■ What you will do ■
Copy exactly. Include the line containing "One more in this photo: the chair (694,527,1245,1661).", every line after it, and the last line below, but no pictures.

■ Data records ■
□ □ □

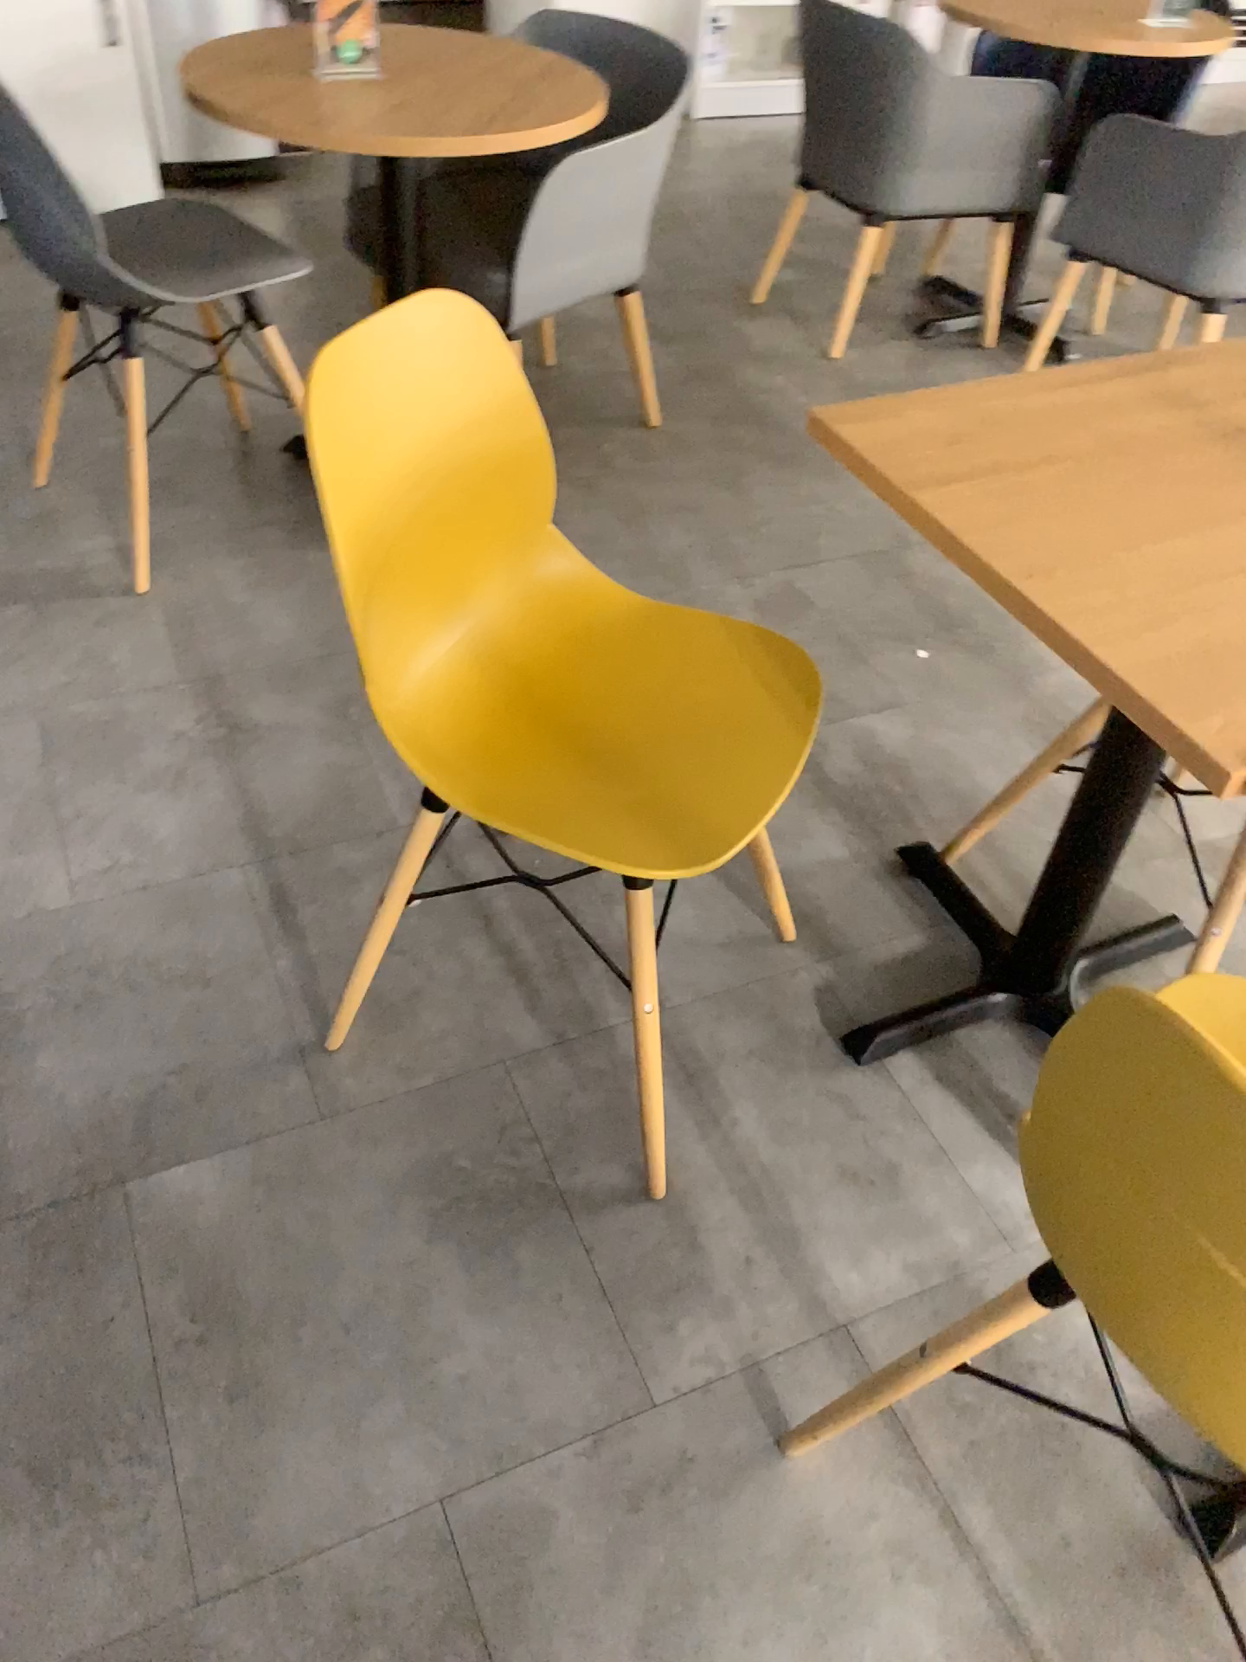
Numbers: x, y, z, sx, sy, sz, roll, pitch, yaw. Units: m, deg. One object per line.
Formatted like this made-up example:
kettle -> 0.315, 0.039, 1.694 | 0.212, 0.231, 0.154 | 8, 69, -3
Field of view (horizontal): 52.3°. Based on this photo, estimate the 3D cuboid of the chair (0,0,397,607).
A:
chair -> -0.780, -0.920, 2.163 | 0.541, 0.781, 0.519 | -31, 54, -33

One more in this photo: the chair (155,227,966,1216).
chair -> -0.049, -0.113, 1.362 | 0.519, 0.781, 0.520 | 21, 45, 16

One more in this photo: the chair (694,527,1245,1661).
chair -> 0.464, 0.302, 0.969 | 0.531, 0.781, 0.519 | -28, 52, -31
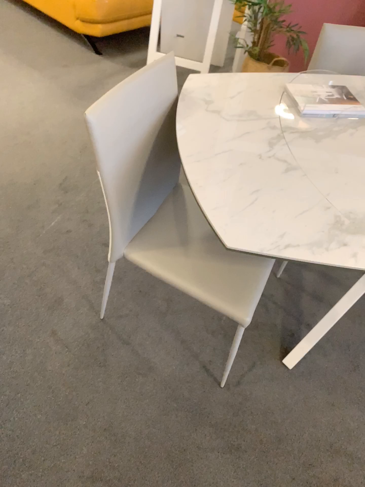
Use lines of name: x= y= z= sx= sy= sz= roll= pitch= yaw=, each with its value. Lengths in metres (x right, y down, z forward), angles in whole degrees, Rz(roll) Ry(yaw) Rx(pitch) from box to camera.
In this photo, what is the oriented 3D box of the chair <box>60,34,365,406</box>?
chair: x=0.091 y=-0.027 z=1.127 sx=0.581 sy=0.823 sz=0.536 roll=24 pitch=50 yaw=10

□ □ □

■ Expected answer ■
One more in this photo: the chair (694,527,1245,1661).
chair -> 0.464, 0.302, 0.969 | 0.531, 0.781, 0.519 | -28, 52, -31
Use lines of name: x= y= z= sx= sy= sz= roll= pitch= yaw=, each with its value. Lengths in metres (x right, y down, z forward), angles in whole degrees, Rz(roll) Ry(yaw) Rx(pitch) from box to camera.
In this photo, what is the oriented 3D box of the chair <box>60,34,365,406</box>?
chair: x=0.091 y=-0.027 z=1.127 sx=0.581 sy=0.823 sz=0.536 roll=24 pitch=50 yaw=10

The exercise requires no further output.